═══ Input data ═══

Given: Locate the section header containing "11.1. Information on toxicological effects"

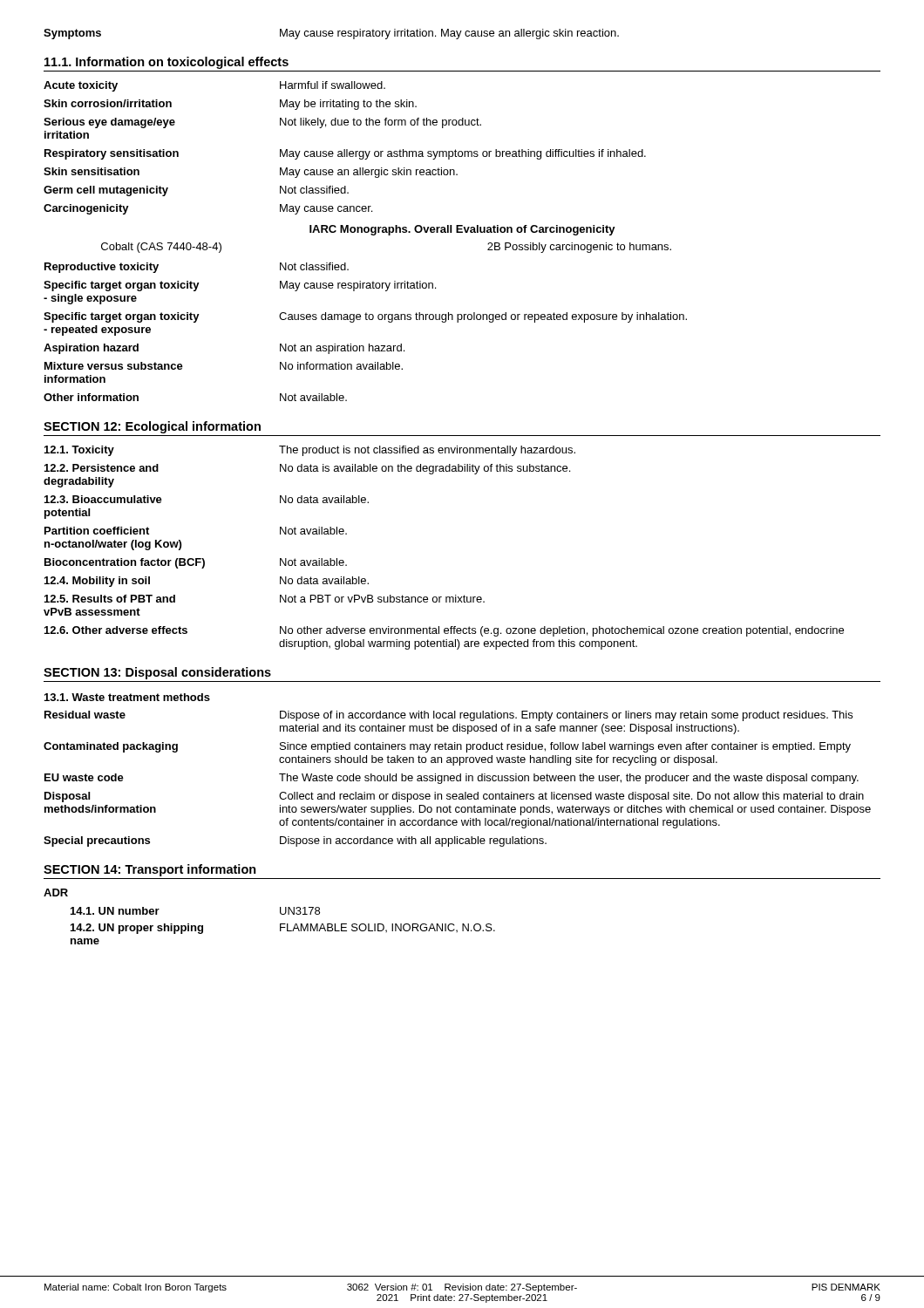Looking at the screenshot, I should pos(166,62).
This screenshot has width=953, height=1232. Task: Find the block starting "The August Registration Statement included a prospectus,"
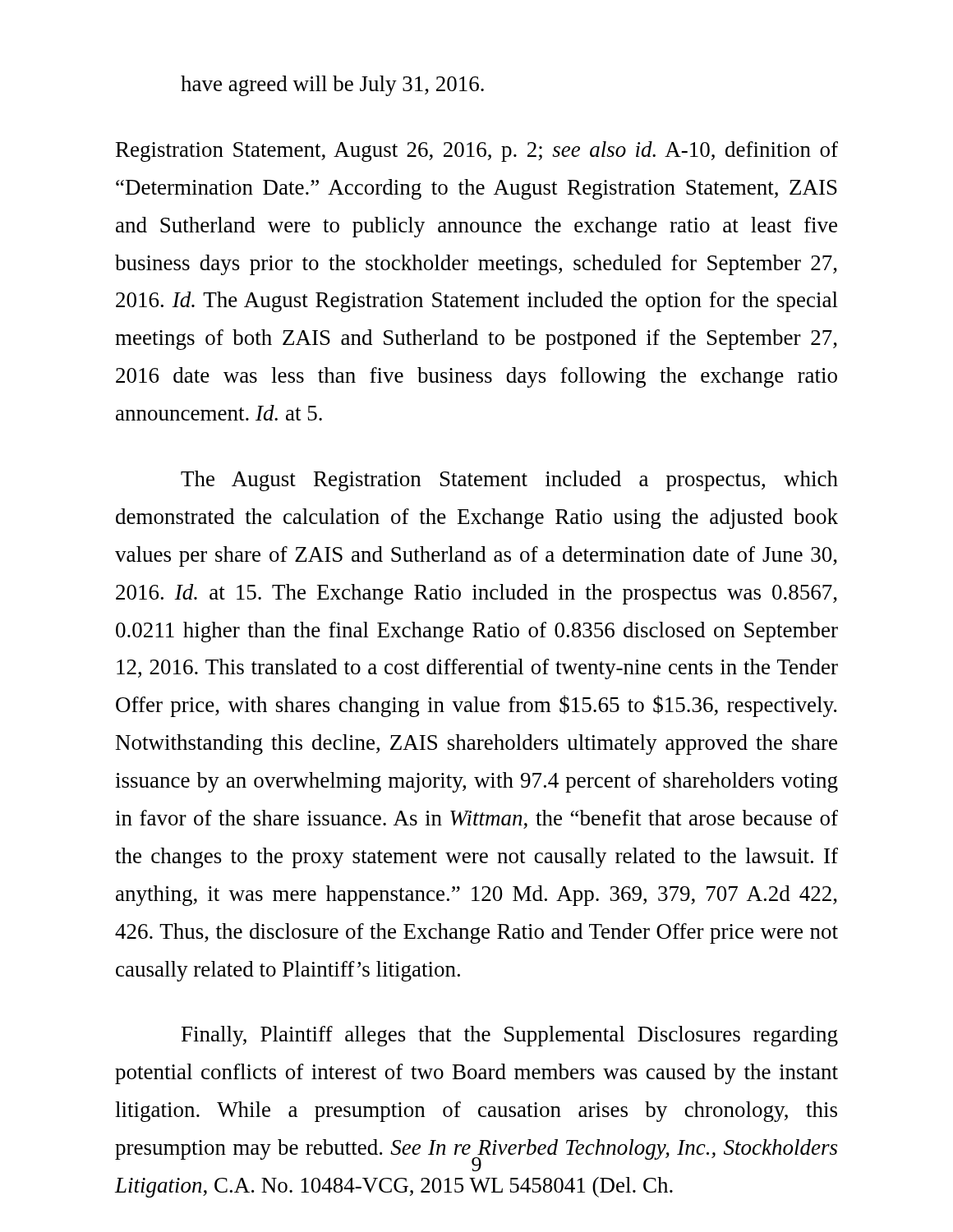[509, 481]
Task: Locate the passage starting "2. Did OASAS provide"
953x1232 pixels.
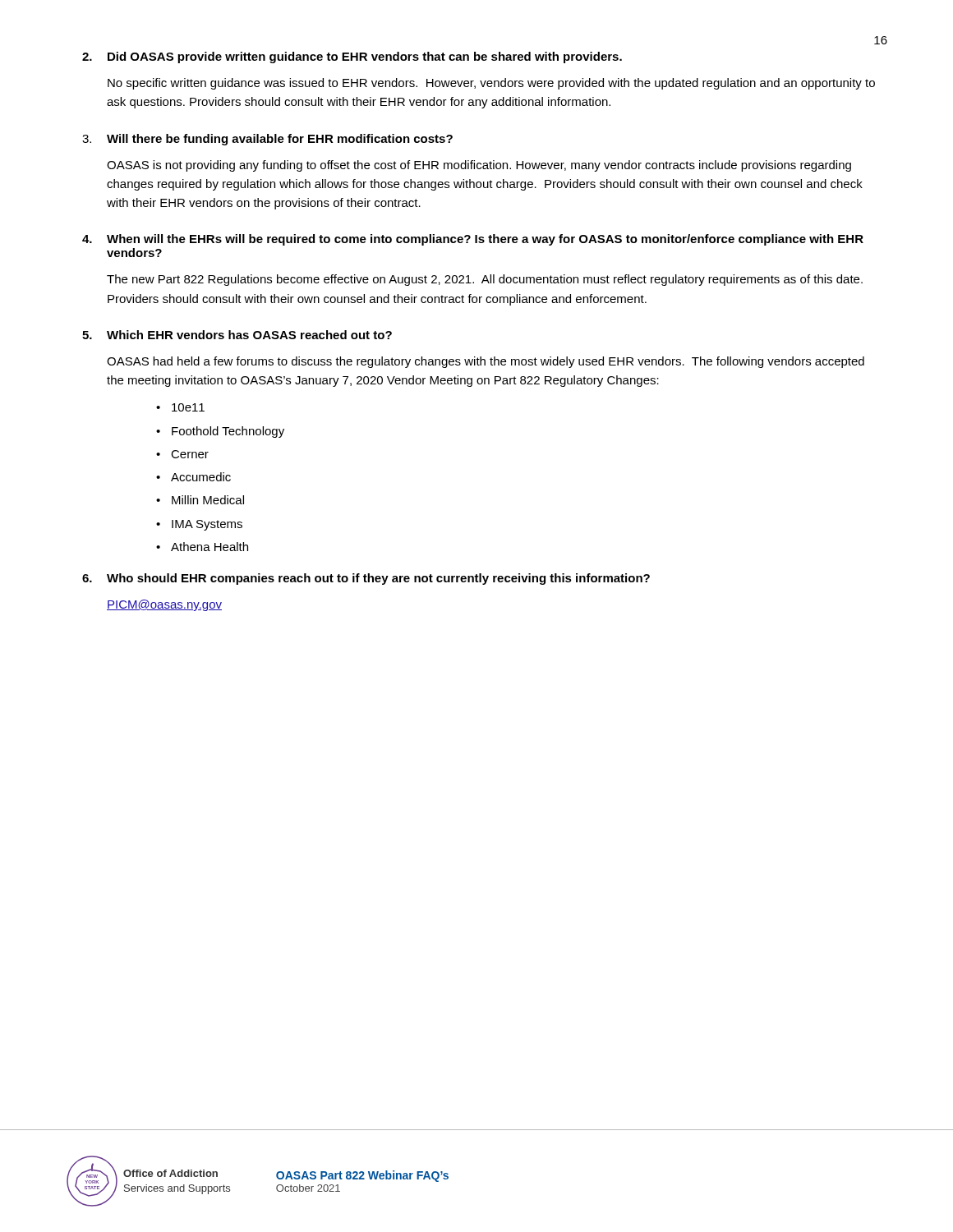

═══

About this task: Set down the entries above exactly; no pictures belong in the copy.

Solution to the problem:
Given: Locate the section header containing "11.1. Information on toxicological effects"

Looking at the screenshot, I should pos(166,62).
This screenshot has width=953, height=1232. Task: Find the block starting "The August Registration Statement included a prospectus,"
[509, 481]
Task: Locate the passage starting "2. Did OASAS provide"
953x1232 pixels.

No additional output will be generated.